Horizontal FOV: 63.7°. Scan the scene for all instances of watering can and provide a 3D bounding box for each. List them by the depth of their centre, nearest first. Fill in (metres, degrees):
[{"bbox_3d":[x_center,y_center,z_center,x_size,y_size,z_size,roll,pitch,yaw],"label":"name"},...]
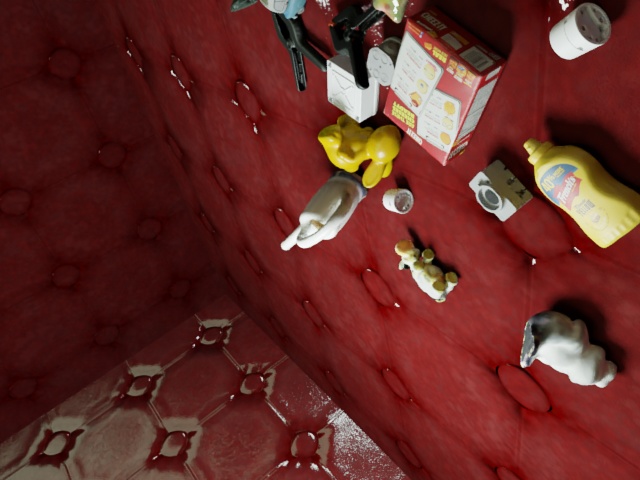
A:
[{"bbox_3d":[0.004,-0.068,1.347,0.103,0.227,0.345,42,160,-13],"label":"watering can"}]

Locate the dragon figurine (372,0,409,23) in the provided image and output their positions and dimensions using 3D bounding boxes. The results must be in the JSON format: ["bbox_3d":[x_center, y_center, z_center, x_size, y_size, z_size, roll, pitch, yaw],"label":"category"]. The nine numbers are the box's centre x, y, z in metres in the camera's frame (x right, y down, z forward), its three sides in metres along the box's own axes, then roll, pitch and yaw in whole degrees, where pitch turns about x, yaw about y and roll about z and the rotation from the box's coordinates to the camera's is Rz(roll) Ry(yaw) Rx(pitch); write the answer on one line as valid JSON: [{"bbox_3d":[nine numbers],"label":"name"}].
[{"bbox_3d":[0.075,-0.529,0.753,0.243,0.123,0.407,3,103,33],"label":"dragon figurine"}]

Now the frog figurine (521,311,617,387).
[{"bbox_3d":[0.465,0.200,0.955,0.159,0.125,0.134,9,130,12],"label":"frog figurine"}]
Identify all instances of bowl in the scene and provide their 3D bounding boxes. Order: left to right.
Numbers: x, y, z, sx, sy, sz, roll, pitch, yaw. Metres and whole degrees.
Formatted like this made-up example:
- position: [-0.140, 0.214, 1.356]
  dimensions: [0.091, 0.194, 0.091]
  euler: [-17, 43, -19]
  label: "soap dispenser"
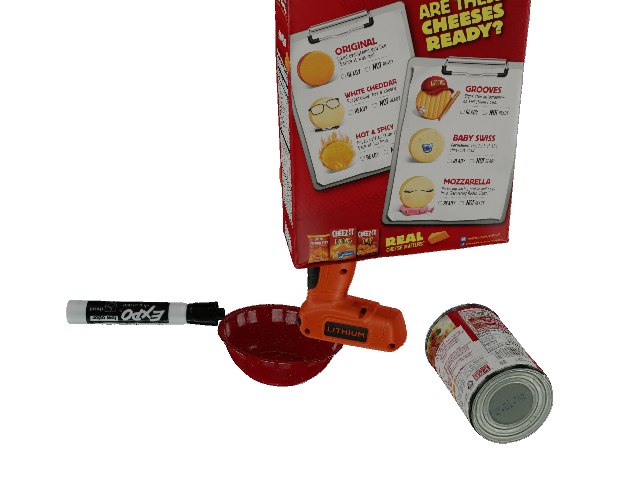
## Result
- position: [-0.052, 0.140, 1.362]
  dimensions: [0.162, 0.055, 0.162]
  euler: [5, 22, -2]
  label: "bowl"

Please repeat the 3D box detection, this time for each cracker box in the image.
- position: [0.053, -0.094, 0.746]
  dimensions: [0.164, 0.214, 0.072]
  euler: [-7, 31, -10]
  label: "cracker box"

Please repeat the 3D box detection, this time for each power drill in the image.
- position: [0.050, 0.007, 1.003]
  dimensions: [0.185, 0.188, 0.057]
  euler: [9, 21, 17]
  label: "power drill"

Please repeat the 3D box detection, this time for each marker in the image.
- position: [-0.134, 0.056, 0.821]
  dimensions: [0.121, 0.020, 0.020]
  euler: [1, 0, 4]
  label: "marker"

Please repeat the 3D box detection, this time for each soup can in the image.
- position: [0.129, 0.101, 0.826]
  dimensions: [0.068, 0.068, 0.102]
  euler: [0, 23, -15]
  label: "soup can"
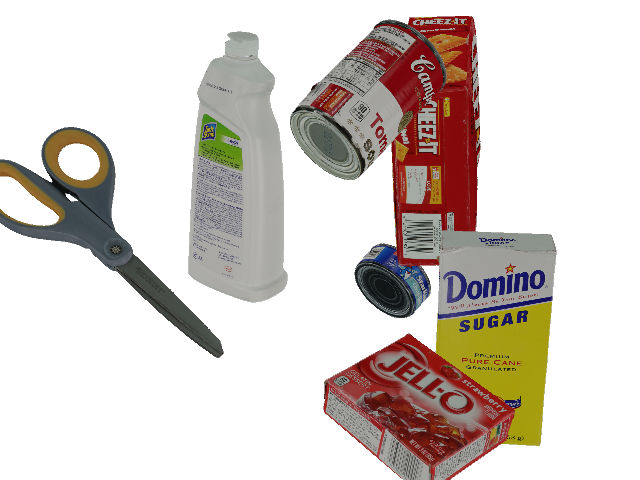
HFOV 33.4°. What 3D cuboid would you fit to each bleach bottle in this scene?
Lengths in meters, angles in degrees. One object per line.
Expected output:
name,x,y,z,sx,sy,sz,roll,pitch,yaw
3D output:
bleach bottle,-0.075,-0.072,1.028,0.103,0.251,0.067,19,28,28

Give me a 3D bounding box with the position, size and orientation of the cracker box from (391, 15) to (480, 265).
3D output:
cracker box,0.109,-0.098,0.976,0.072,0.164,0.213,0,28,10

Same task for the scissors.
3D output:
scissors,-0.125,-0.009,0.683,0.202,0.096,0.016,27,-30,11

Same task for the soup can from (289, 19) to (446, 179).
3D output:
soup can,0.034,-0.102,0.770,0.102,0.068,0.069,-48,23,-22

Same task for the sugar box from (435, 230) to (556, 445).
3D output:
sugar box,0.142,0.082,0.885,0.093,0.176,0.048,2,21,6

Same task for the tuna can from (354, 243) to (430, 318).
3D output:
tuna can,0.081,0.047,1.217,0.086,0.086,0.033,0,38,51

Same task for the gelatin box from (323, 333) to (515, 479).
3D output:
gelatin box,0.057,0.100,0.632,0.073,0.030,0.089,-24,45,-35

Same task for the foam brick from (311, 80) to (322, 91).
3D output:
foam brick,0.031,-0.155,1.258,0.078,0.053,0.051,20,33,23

┄┄┄┄┄┄┄┄┄┄

§ Directions:
Copy the listing above verbatim; the pictures it contains are to stay out.

§ Answer space:
Horizontal FOV: 63.7°. Scan the scene for all instances of watering can and provide a 3D bounding box for each. List them by the depth of their centre, nearest first. Fill in (metres, degrees):
[{"bbox_3d":[x_center,y_center,z_center,x_size,y_size,z_size,roll,pitch,yaw],"label":"name"},...]
A:
[{"bbox_3d":[0.004,-0.068,1.347,0.103,0.227,0.345,42,160,-13],"label":"watering can"}]

Locate the dragon figurine (372,0,409,23) in the provided image and output their positions and dimensions using 3D bounding boxes. The results must be in the JSON format: ["bbox_3d":[x_center, y_center, z_center, x_size, y_size, z_size, roll, pitch, yaw],"label":"category"]. The nine numbers are the box's centre x, y, z in metres in the camera's frame (x right, y down, z forward), its three sides in metres along the box's own axes, then roll, pitch and yaw in whole degrees, where pitch turns about x, yaw about y and roll about z and the rotation from the box's coordinates to the camera's is Rz(roll) Ry(yaw) Rx(pitch); write the answer on one line as valid JSON: [{"bbox_3d":[nine numbers],"label":"name"}].
[{"bbox_3d":[0.075,-0.529,0.753,0.243,0.123,0.407,3,103,33],"label":"dragon figurine"}]

Now the frog figurine (521,311,617,387).
[{"bbox_3d":[0.465,0.200,0.955,0.159,0.125,0.134,9,130,12],"label":"frog figurine"}]
Identify all instances of bowl in the scene and provide their 3D bounding boxes. Order: left to right.
Numbers: x, y, z, sx, sy, sz, roll, pitch, yaw. Metres and whole degrees.
Formatted like this made-up example:
- position: [-0.140, 0.214, 1.356]
  dimensions: [0.091, 0.194, 0.091]
  euler: [-17, 43, -19]
  label: "soap dispenser"
## Result
- position: [-0.052, 0.140, 1.362]
  dimensions: [0.162, 0.055, 0.162]
  euler: [5, 22, -2]
  label: "bowl"

Please repeat the 3D box detection, this time for each cracker box in the image.
- position: [0.053, -0.094, 0.746]
  dimensions: [0.164, 0.214, 0.072]
  euler: [-7, 31, -10]
  label: "cracker box"

Please repeat the 3D box detection, this time for each power drill in the image.
- position: [0.050, 0.007, 1.003]
  dimensions: [0.185, 0.188, 0.057]
  euler: [9, 21, 17]
  label: "power drill"

Please repeat the 3D box detection, this time for each marker in the image.
- position: [-0.134, 0.056, 0.821]
  dimensions: [0.121, 0.020, 0.020]
  euler: [1, 0, 4]
  label: "marker"

Please repeat the 3D box detection, this time for each soup can in the image.
- position: [0.129, 0.101, 0.826]
  dimensions: [0.068, 0.068, 0.102]
  euler: [0, 23, -15]
  label: "soup can"
HFOV 33.4°. What 3D cuboid would you fit to each bleach bottle in this scene?
Lengths in meters, angles in degrees. One object per line.
Expected output:
name,x,y,z,sx,sy,sz,roll,pitch,yaw
3D output:
bleach bottle,-0.075,-0.072,1.028,0.103,0.251,0.067,19,28,28

Give me a 3D bounding box with the position, size and orientation of the cracker box from (391, 15) to (480, 265).
3D output:
cracker box,0.109,-0.098,0.976,0.072,0.164,0.213,0,28,10

Same task for the scissors.
3D output:
scissors,-0.125,-0.009,0.683,0.202,0.096,0.016,27,-30,11

Same task for the soup can from (289, 19) to (446, 179).
3D output:
soup can,0.034,-0.102,0.770,0.102,0.068,0.069,-48,23,-22

Same task for the sugar box from (435, 230) to (556, 445).
3D output:
sugar box,0.142,0.082,0.885,0.093,0.176,0.048,2,21,6

Same task for the tuna can from (354, 243) to (430, 318).
3D output:
tuna can,0.081,0.047,1.217,0.086,0.086,0.033,0,38,51

Same task for the gelatin box from (323, 333) to (515, 479).
3D output:
gelatin box,0.057,0.100,0.632,0.073,0.030,0.089,-24,45,-35

Same task for the foam brick from (311, 80) to (322, 91).
3D output:
foam brick,0.031,-0.155,1.258,0.078,0.053,0.051,20,33,23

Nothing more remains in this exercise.